_WHAT YOU SHOULD DO_.
Pull from the data below each line where the word "axes" occurs, and copy it.

_EXCERPTED RECORDS_.
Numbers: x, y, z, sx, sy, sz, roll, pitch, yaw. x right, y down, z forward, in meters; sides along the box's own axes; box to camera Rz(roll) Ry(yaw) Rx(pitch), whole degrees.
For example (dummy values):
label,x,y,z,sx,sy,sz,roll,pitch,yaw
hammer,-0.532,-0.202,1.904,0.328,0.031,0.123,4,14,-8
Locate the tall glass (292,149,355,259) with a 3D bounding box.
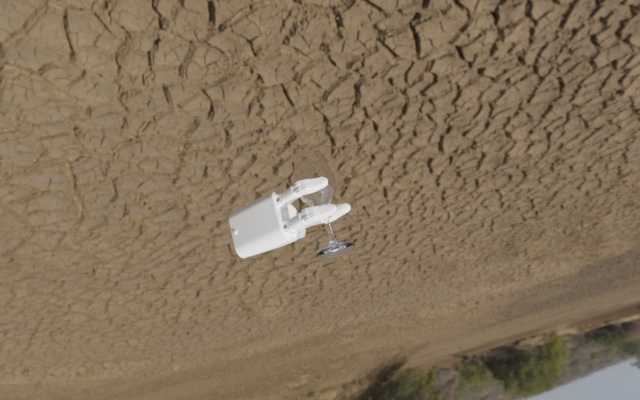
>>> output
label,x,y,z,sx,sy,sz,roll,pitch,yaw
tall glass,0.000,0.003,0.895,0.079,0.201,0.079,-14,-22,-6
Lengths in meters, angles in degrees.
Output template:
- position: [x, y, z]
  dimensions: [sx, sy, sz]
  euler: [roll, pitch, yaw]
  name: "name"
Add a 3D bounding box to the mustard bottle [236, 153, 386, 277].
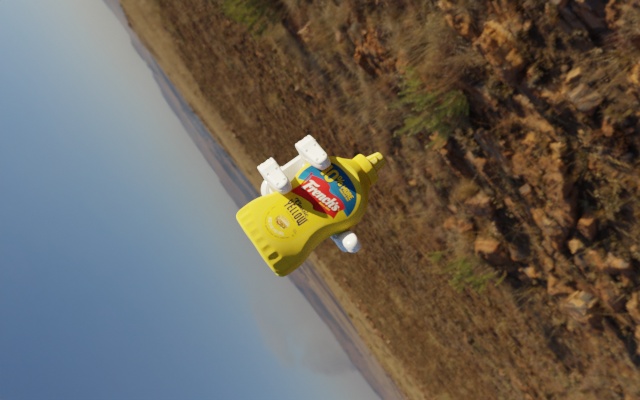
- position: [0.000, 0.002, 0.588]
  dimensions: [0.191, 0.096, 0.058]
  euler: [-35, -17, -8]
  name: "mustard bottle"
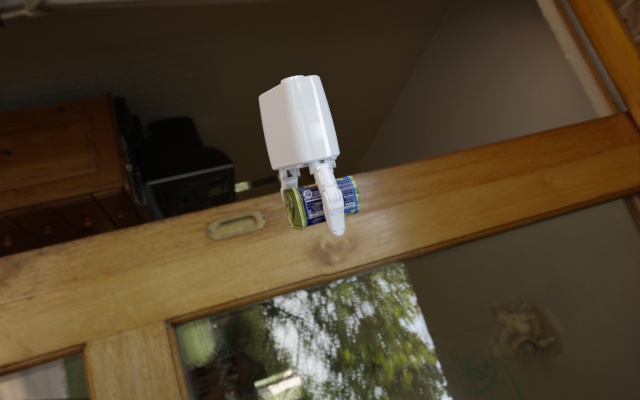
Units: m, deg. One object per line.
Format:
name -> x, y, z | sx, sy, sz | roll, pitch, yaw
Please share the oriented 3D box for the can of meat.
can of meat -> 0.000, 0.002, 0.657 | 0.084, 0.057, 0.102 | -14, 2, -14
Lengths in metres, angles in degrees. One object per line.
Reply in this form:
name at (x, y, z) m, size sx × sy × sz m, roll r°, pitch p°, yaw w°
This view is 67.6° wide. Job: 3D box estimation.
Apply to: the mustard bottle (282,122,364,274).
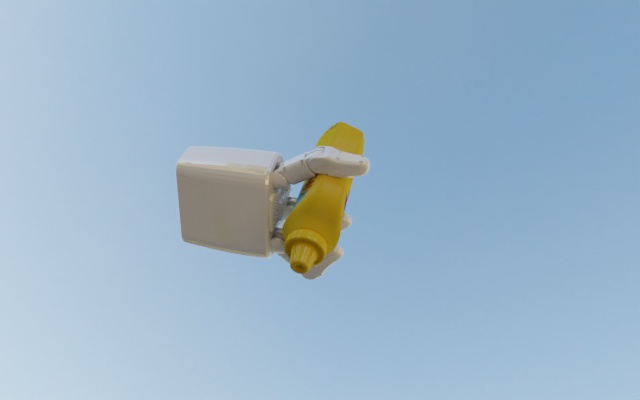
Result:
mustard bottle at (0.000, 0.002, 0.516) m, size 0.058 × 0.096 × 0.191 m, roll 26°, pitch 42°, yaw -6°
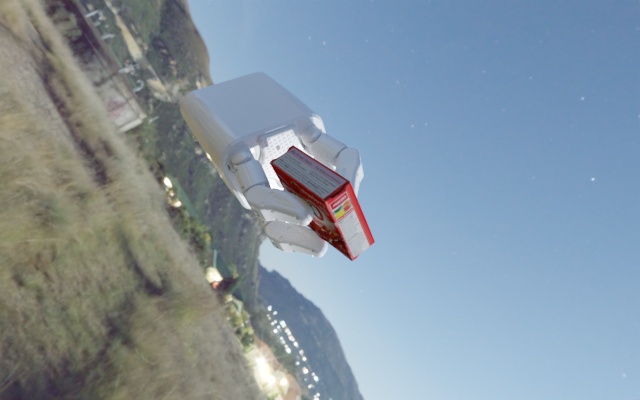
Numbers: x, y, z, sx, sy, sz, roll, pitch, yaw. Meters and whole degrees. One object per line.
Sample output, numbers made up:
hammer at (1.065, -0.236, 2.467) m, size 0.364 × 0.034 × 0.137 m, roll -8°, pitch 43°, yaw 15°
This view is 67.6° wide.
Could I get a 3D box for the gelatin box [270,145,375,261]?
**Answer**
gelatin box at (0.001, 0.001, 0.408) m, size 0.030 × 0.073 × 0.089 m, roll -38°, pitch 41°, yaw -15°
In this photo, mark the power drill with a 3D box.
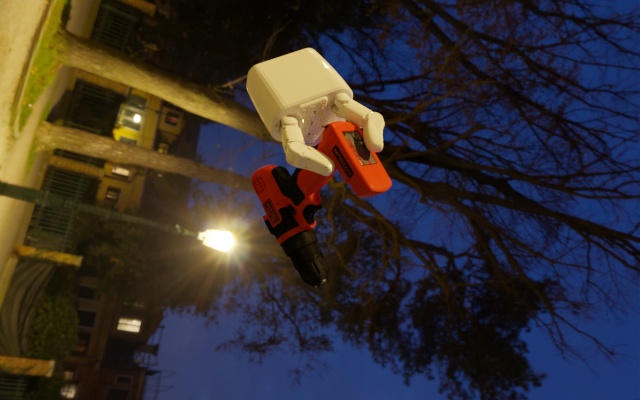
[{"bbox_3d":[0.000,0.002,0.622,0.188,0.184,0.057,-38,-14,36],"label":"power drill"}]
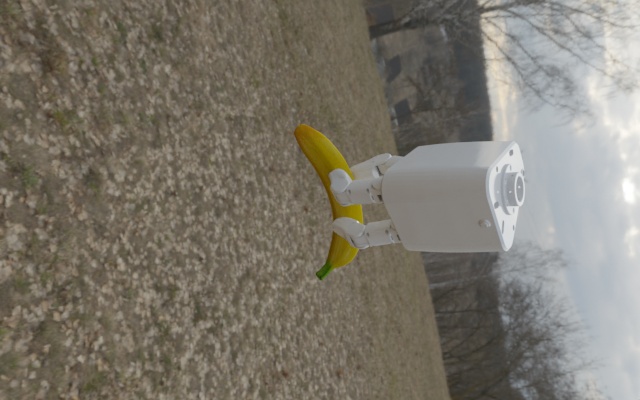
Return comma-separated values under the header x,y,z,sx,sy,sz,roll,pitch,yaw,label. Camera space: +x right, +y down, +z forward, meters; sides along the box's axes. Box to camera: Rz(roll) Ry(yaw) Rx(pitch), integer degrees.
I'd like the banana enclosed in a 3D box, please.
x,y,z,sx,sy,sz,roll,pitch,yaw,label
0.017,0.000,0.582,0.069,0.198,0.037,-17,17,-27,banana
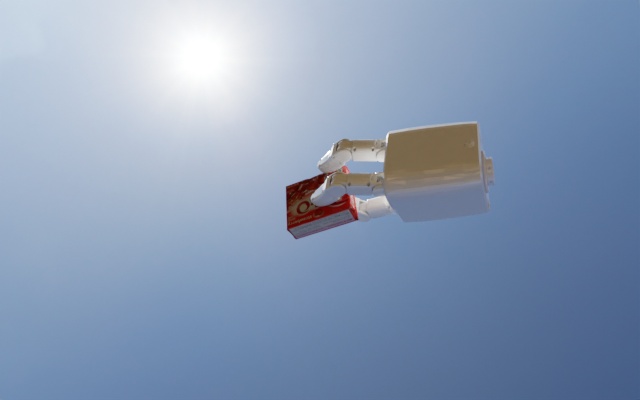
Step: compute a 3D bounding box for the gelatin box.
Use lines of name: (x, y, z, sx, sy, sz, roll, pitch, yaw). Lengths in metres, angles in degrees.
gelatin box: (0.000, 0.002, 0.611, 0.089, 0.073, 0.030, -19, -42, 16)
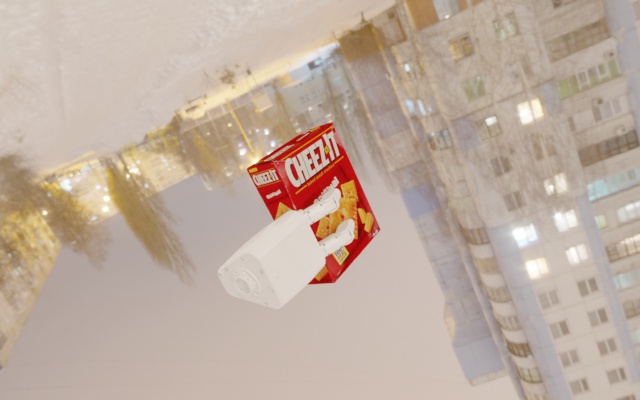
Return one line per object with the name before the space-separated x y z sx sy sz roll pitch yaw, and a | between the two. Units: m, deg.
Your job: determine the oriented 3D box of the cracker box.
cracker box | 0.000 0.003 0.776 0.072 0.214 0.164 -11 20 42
...
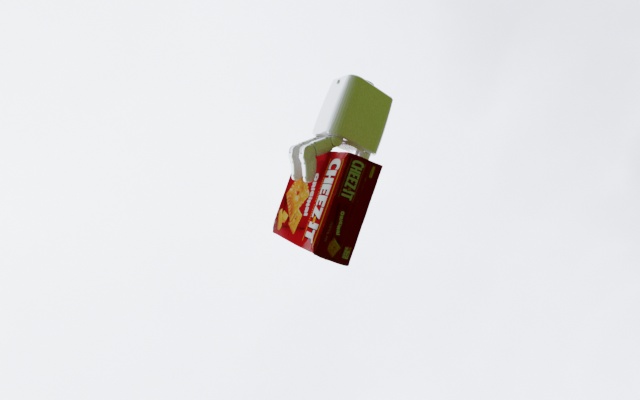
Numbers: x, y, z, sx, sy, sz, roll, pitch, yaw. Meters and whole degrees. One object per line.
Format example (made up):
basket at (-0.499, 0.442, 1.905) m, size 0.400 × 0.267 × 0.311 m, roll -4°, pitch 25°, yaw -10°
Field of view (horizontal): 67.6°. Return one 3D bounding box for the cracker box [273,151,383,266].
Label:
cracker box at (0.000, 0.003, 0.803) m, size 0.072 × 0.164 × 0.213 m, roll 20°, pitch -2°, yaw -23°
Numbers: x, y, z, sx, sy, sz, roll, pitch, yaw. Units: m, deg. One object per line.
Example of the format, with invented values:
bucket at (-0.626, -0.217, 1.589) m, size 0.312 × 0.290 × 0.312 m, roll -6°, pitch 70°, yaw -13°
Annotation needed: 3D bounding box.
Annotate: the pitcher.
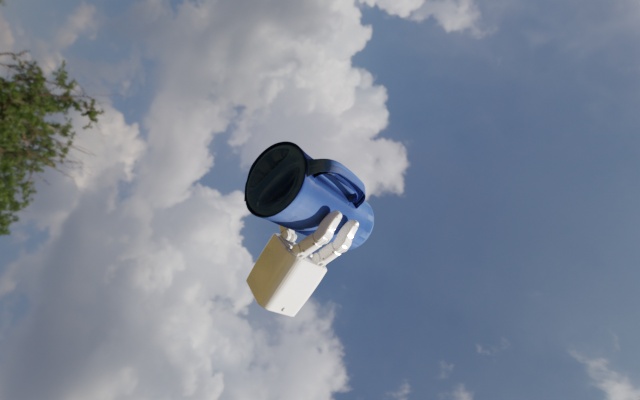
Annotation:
==
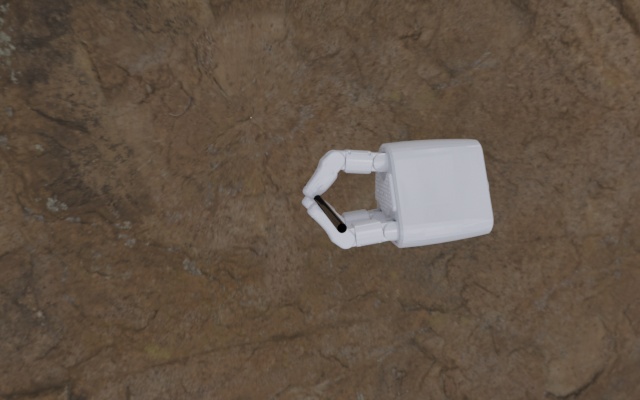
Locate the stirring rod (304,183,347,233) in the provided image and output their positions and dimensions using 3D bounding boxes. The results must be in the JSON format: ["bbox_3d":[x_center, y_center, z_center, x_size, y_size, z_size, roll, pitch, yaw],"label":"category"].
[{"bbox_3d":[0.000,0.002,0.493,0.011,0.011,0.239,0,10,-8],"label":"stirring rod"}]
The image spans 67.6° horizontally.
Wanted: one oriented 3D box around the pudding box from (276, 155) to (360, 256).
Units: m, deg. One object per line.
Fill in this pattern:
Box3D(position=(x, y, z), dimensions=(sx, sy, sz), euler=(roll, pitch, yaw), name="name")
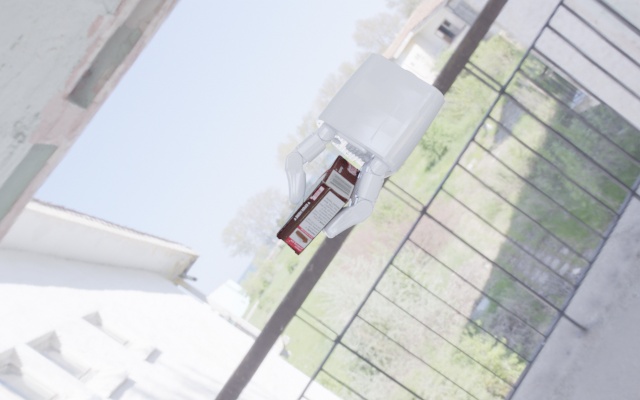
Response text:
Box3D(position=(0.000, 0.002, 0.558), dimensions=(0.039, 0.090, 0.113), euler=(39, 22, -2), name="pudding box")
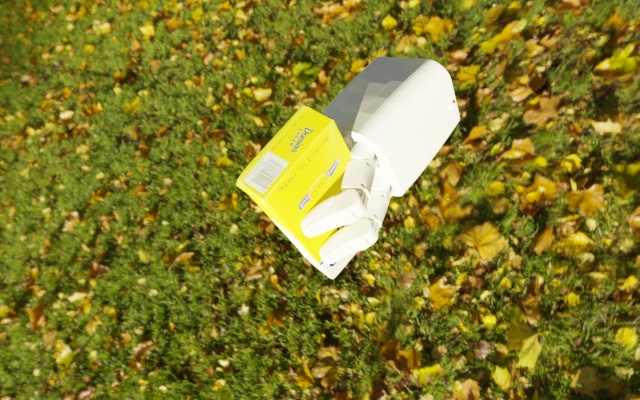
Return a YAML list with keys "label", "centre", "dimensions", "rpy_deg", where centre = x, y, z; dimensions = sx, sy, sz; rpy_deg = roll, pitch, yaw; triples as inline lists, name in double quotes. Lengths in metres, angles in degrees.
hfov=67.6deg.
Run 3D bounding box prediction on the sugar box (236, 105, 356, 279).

_SOLUTION_.
Numbers: x, y, z, sx, sy, sz, roll, pitch, yaw. x right, y down, z forward, in meters; sides along the box's own axes; box to camera Rz(roll) Ry(yaw) Rx(pitch), whole degrees.
Return comma-separated values under the header x,y,z,sx,sy,sz,roll,pitch,yaw,label. Camera space: +x right, +y down, +z forward, meters; sides along the box's axes. Box to camera: Rz(roll) Ry(yaw) Rx(pitch), integer degrees.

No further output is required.